▶ **Brief**
Print every line of the material below exactly as it stands, but omit the pictures.

▶ **Source data**
· · ·
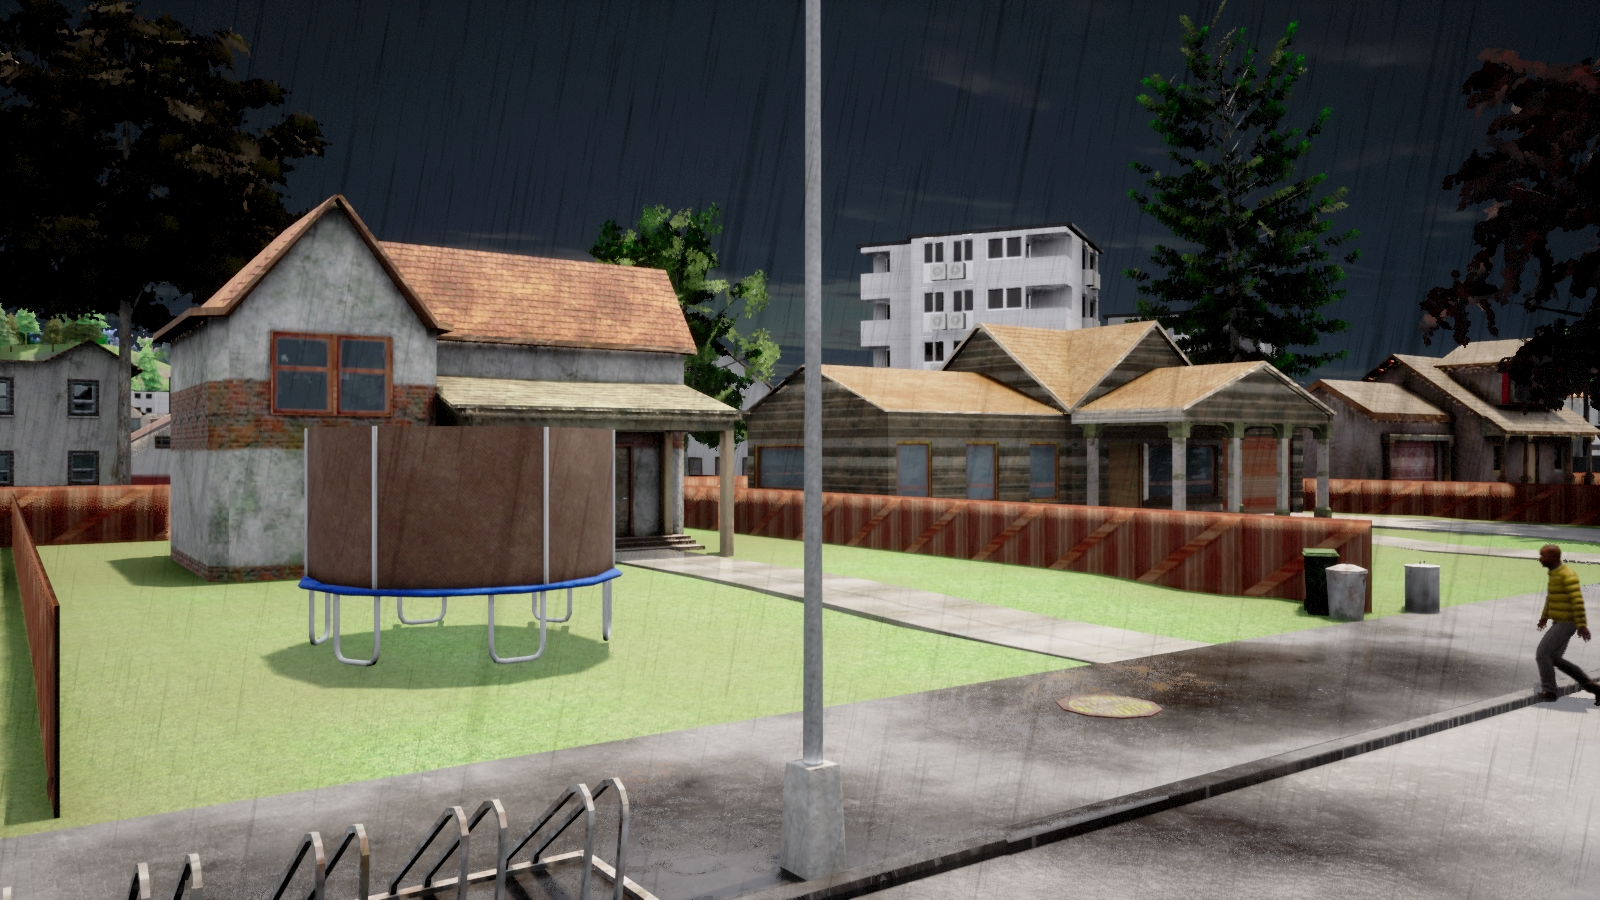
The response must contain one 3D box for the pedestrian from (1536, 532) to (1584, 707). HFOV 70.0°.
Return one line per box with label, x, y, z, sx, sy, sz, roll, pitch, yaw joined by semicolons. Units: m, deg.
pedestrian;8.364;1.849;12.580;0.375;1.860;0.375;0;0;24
· · ·
▶ **Answer box**
The response must contain one 3D box for the pedestrian from (1536, 532) to (1584, 707). HFOV 70.0°.
Return one line per box with label, x, y, z, sx, sy, sz, roll, pitch, yaw joined by semicolons. Units: m, deg.
pedestrian;8.364;1.849;12.580;0.375;1.860;0.375;0;0;24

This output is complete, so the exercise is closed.